Sorn-Lai invites its audience to traverse the First Forest following the outbreak of the Saturophage. Here, the forest breathes not only through the photosynthesis of its flora but also through the pulsating rhythms of bioluminescent data streams. Creatures of the wood, from the Holoflies to the ancient Echowalkers, are marvels of evolutionary and engineered design, showcasing the intricate melding of organic growth and technological integration.

Sha-Ri-Ku residing at the Heart of the Forest. Photo Credit: Eli Johnson

The First Portal Opened at TAPestry event space attached to the Barrelhouse by Gypsy Circus.

The Tribal Court Tabletop Diorama. Photo Credit: Roha
Sorn-Lai with atmospheric lighting in the TAPestry event space on July 5th. Photo Credit: Dustin Finkelstein

The Second Portal opened at Ijams Nature Center for two days as an outdoor experience. Ijams Nature Center

Adventurers exploring the Cos Fringes tabletop diorama at Ijams Nature Center. Photo Credit: Eli Johnson
Adventurers braved the elements and explored Sorn-Lai in the rain on the second day at Ijams. Photo Credit: Roha
Kids were the most active explorers across the lands of the Forest. Photo Credit: Anna G

The Third and Final Portal opened at Remedy Coffee for an extended nighttime showcase.

Atmospheric lighting over the heart of the forest during the Third Portal.
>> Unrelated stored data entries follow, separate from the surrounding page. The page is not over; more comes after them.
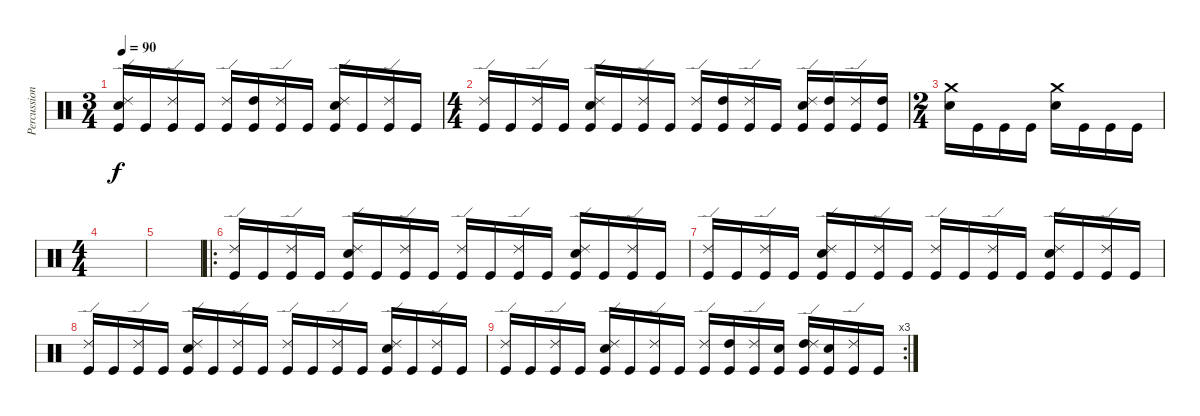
\track ("Percussioni" "Percussion") {instrument percussion}
\staff {score}
\articulation defaults
\ts (3 4)
\tempo 90
\clef neutral
\ks c
("Snare (hit) 2" "Ride (edge) 2" "Kick (hit)").16{dy f} "Kick (hit)".16 ("Ride (edge) 2" "Kick (hit)").16 "Kick (hit)".16 ("Ride (edge) 2" "Kick (hit)").16 ("High Tom (hit)" "Kick (hit)").16 ("Ride (edge) 2" "Kick (hit)").16 "Kick (hit)".16 ("Snare (hit) 2" "Ride (edge) 2" "Kick (hit)").16 "Kick (hit)".16 ("Ride (edge) 2" "Kick (hit)").16 "Kick (hit)".16 |
\ts (4 4)
("Ride (edge) 2" "Kick (hit)").16 "Kick (hit)".16 ("Ride (edge) 2" "Kick (hit)").16 "Kick (hit)".16 ("Snare (hit) 2" "Ride (edge) 2" "Kick (hit)").16 "Kick (hit)".16 ("Ride (edge) 2" "Kick (hit)").16 "Kick (hit)".16 ("Ride (edge) 2" "Kick (hit)").16 ("High Tom (hit)" "Kick (hit)").16 ("Ride (edge) 2" "Kick (hit)").16 "Kick (hit)".16 ("Snare (hit) 2" "Ride (edge) 2" "Kick (hit)").16 ("High Tom (hit)" "Kick (hit)").16 ("Ride (edge) 2" "Kick (hit)").16 ("High Tom (hit)" "Kick (hit)").16 |
\ts (2 4)
("Snare (hit) 2" "Crash medium (hit)").16 "Kick (hit)".16 "Kick (hit)".16 "Kick (hit)".16 ("Snare (hit) 2" "Crash medium (hit)").16 "Kick (hit)".16 "Kick (hit)".16 "Kick (hit)".16 |
\ts (4 4)
|
|
\ro
("Ride (edge) 2" "Kick (hit)").16 "Kick (hit)".16 ("Ride (edge) 2" "Kick (hit)").16 "Kick (hit)".16 ("Snare (hit) 2" "Ride (edge) 2" "Kick (hit)").16 "Kick (hit)".16 ("Ride (edge) 2" "Kick (hit)").16 "Kick (hit)".16 ("Ride (edge) 2" "Kick (hit)").16 "Kick (hit)".16 ("Ride (edge) 2" "Kick (hit)").16 "Kick (hit)".16 ("Snare (hit) 2" "Ride (edge) 2" "Kick (hit)").16 "Kick (hit)".16 ("Ride (edge) 2" "Kick (hit)").16 "Kick (hit)".16 |
("Ride (edge) 2" "Kick (hit)").16 "Kick (hit)".16 ("Ride (edge) 2" "Kick (hit)").16 "Kick (hit)".16 ("Snare (hit) 2" "Ride (edge) 2" "Kick (hit)").16 "Kick (hit)".16 ("Ride (edge) 2" "Kick (hit)").16 "Kick (hit)".16 ("Ride (edge) 2" "Kick (hit)").16 "Kick (hit)".16 ("Ride (edge) 2" "Kick (hit)").16 "Kick (hit)".16 ("Snare (hit) 2" "Ride (edge) 2" "Kick (hit)").16 "Kick (hit)".16 ("Ride (edge) 2" "Kick (hit)").16 "Kick (hit)".16 |
("Ride (edge) 2" "Kick (hit)").16 "Kick (hit)".16 ("Ride (edge) 2" "Kick (hit)").16 "Kick (hit)".16 ("Snare (hit) 2" "Ride (edge) 2" "Kick (hit)").16 "Kick (hit)".16 ("Ride (edge) 2" "Kick (hit)").16 "Kick (hit)".16 ("Ride (edge) 2" "Kick (hit)").16 "Kick (hit)".16 ("Ride (edge) 2" "Kick (hit)").16 "Kick (hit)".16 ("Snare (hit) 2" "Ride (edge) 2" "Kick (hit)").16 "Kick (hit)".16 ("Ride (edge) 2" "Kick (hit)").16 "Kick (hit)".16 |
\rc 3
("Ride (edge) 2" "Kick (hit)").16 "Kick (hit)".16 ("Ride (edge) 2" "Kick (hit)").16 "Kick (hit)".16 ("Snare (hit) 2" "Ride (edge) 2" "Kick (hit)").16 "Kick (hit)".16 ("Ride (edge) 2" "Kick (hit)").16 "Kick (hit)".16 ("Ride (edge) 2" "Kick (hit)").16 ("High Tom (hit)" "Kick (hit)").16 ("Ride (edge) 2" "Kick (hit)").16 ("Snare (hit) 2" "Kick (hit)").16 ("High Tom (hit)" "Ride (edge) 2" "Kick (hit)").16 ("Snare (hit) 2" "Kick (hit)").16 ("Ride (edge) 2" "Kick (hit)").16 "Kick (hit)".16

Photo Credit: Roha
Roha teaching guests how to play the interactive game with the dioramas during the third portal at Remedy Coffee. Photo Credit: Eli Johnson

Across the three Portal openings a wide audience experienced the world of Sorn-Lai in Knoxville, Tennessee. While this marks the second year of Fable X shows it certainly won’t be the last. Saturophage, Sorn-Lai, and as a hint at the next irl worldbuild :Yiik-Ro-Sha.

In the interim Fable X will be laboring behind the curtain to refine and expand the world and its growing cast of collectables. James Roha

Following the immersive installation’s three Portal openings, the lands of Sorn-Lai were placed in the UTK CoAD Downtown Window gallery for public viewing.

[502 S Gay St, Knoxville, TN] Photo Credit: Roha

As a final push of the Sorn-Lai collectables the character models will be geocached for the ongoing Fable X treasure hunt.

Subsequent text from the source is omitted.